Mender.io is used to provision the system and operating system updates. It is a solid foundation for updating, Joel says. He continues: “the biggest fear when we first launched our products was not being able to update devices. The device OS is so crucial and there is no space for something to go wrong. We didn’t have many experts in the team to handle the complexity of OTA software updates. We were keen to rely on an expert partner that knows more about OTA software updates. This has proved a very wise decision over the last 5 years. Mender has been efficient and worked very well.”
Yocto layer integration
Another great benefit of Mender is the layer integration with Yocto. The Mender engineering team helped set up the hardware in the right way. There are 3 different hardware versions running Mender and it is really easy to maintain with Yocto. The embedded boards are ARM-based: These are low cost but high performance devices. Joel elaborates, “you can imagine connecting to 50 charging stations and you have an algorithm that controls them in sub seconds, then you need a device that is highly performant but at the same time cannot be too expensive. In the consumer market at least, no one is prepared to pay €1000 for a device that does energy management, so this is why the ARM-based devices are so important.” In most situations, the connectivity on the devices is wired, in some cases LTE modems are used with the devices.
Importance of IoT cybersecurity
Joel explains that gridX also pays attention to encryption in transit for all data transmission. Mender has a good setup for authentication of the devices with public keys. It opens the connection from the device to the cloud and not some tunnel that is constantly open. So it minimises the threat vectors to our network.
Handling device scaling
Dozens of devices easily update manually, then you think about device grouping and scheduling updates. Eventually, you reach a point where the groups are too big and then you need to handle the complexity in a different way. Automation is needed as there are so many devices.

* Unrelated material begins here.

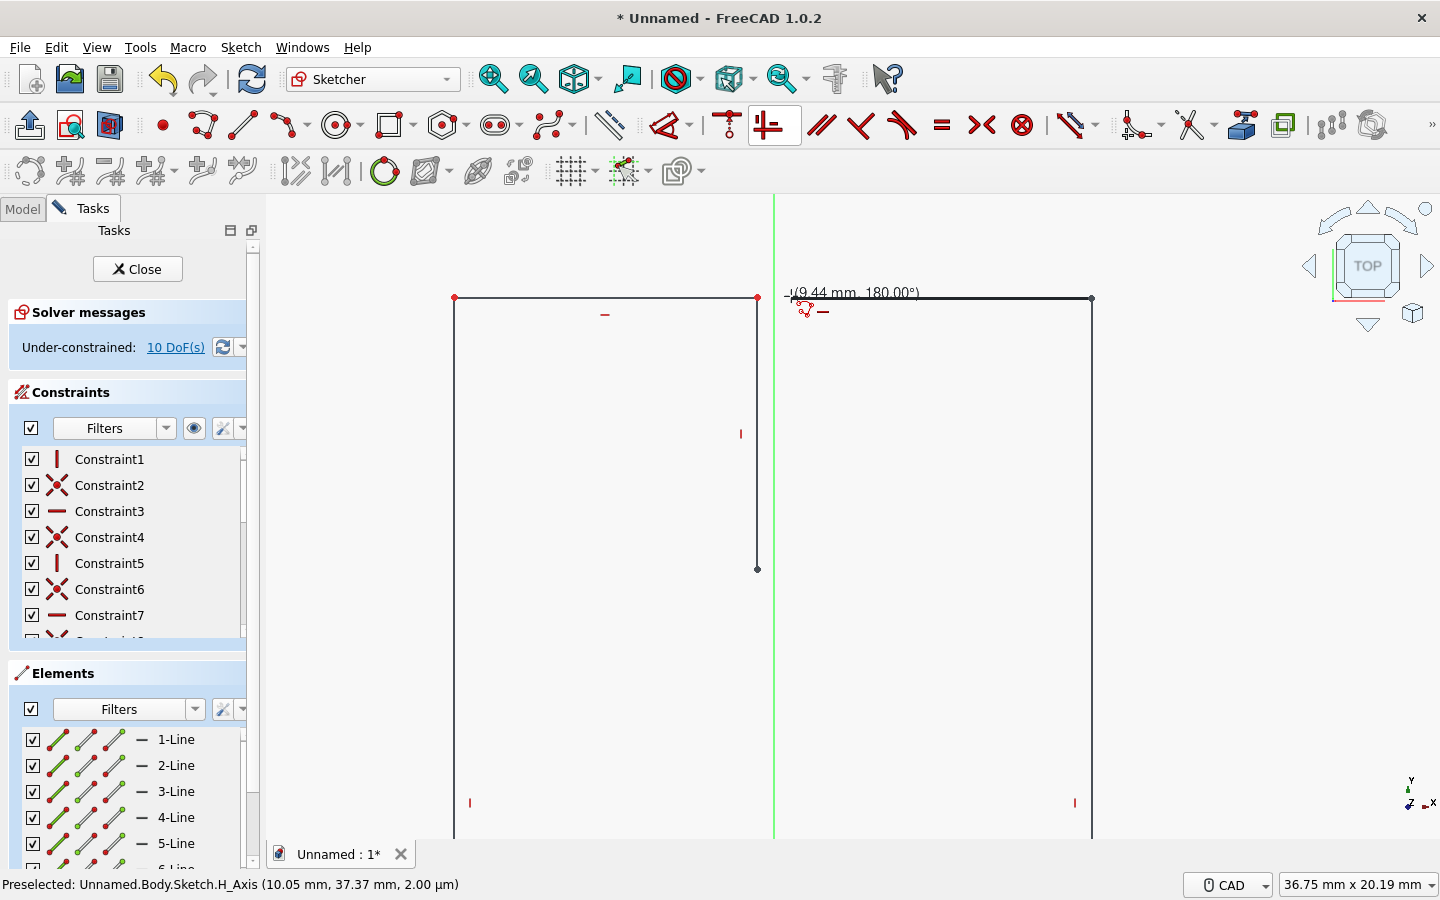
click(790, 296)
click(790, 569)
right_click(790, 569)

Indispensable for OS updates
Mender.io is one of many tools in gridX’s device management setup but is important as a go-to tool for updating the OS. Support has always been great. The documentation and support is excellent for integrating with new devices. We never had problems updating the versions or using the hosted installations. Thanks to Mender.io, gridX has atomic updates across a large fleet of devices and the Mender system scales with the company, Joel concludes.
We wish Joel and his colleagues at gridX well as they continue their journey in providing valuable digital energy solutions.